Rede von Richard Wurbs
  • Parteizugehörigkeit zum Zeitpunkt der Rede: (FDP)
  • Letzte offizielle eingetragene Parteizugehörigkeit: (FDP)
Das Wort hat der Herr Abgeordnete Dr. Riedl.

  • insert_commentNächste Rede als Kontext
    Rede von Dr. Erich Riedl


    • Parteizugehörigkeit zum Zeitpunkt der Rede: (CDU/CSU)
    • Letzte offizielle eingetragene Parteizugehörigkeit: (CSU)

    Herr Präsident! Meine sehr verehrten Damen und Herren! Herr Kollege Westphal, wer so verbittert Gift und Galle spuckt und

    (Unruhe bei der SPD)

    derart frustriert im Deutschen Bundestag zu einer zugegebenermaßen ernsten Thematik spricht, der muß doch in den letzten Monaten in seiner Fraktion ganz schreckliche Erlebnisse hinter sich gebracht haben.
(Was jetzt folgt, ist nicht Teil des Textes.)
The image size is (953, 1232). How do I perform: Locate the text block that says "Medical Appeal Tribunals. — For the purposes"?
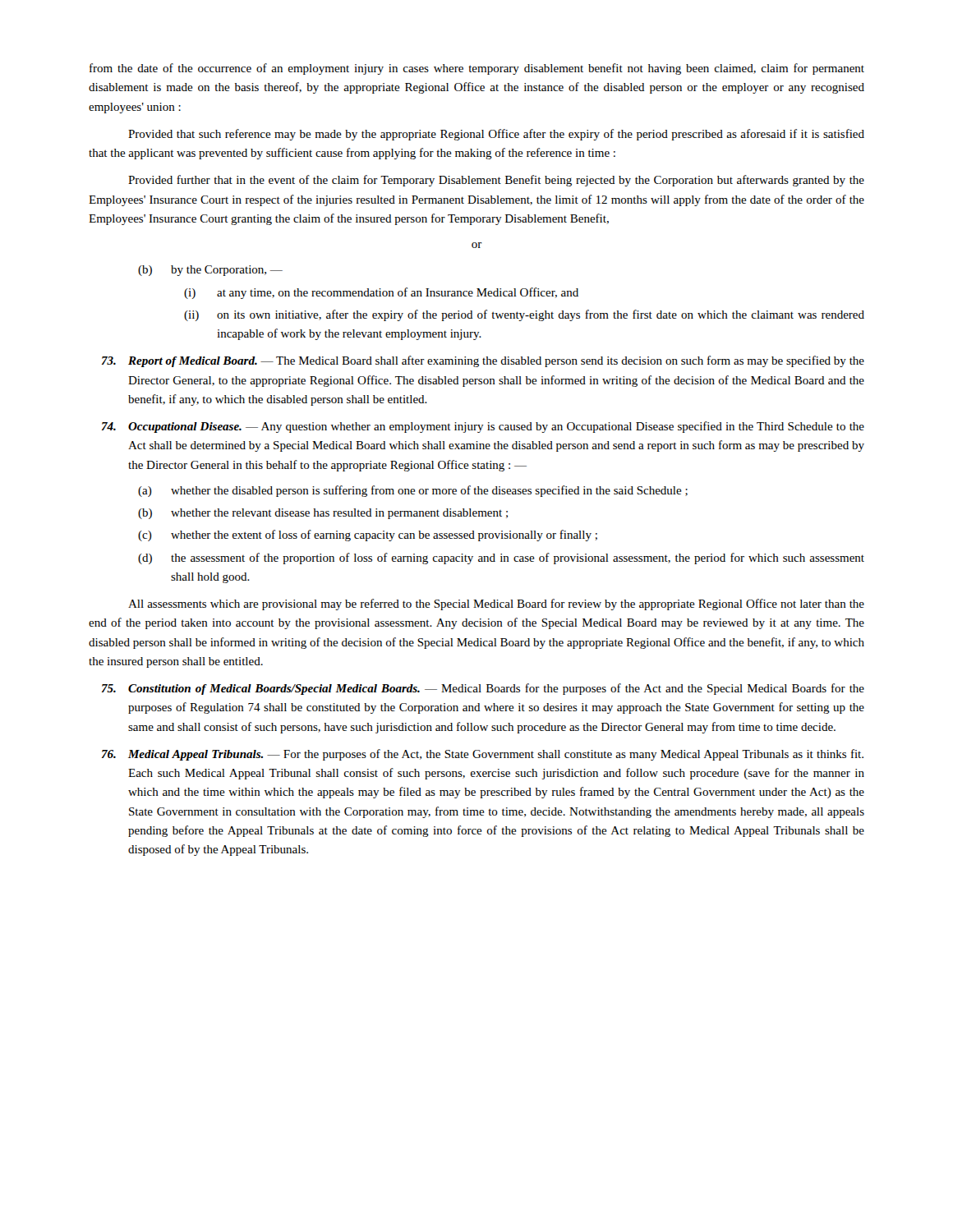point(476,802)

    (Beifall bei der CDU/CSU — Lachen bei der SPD)

    Herr Kollege Westphal, Sie haben heute dem bayerischen Ministerpräsidenten Strauß vorgeworfen, er habe hier gestammelt. Wenn Sie so reden könnten wie Franz Josef Strauß, dann würden Sie nicht Westphal, sondern Graf von Westphalen heißen müssen. Das darf ich Ihnen mal sagen.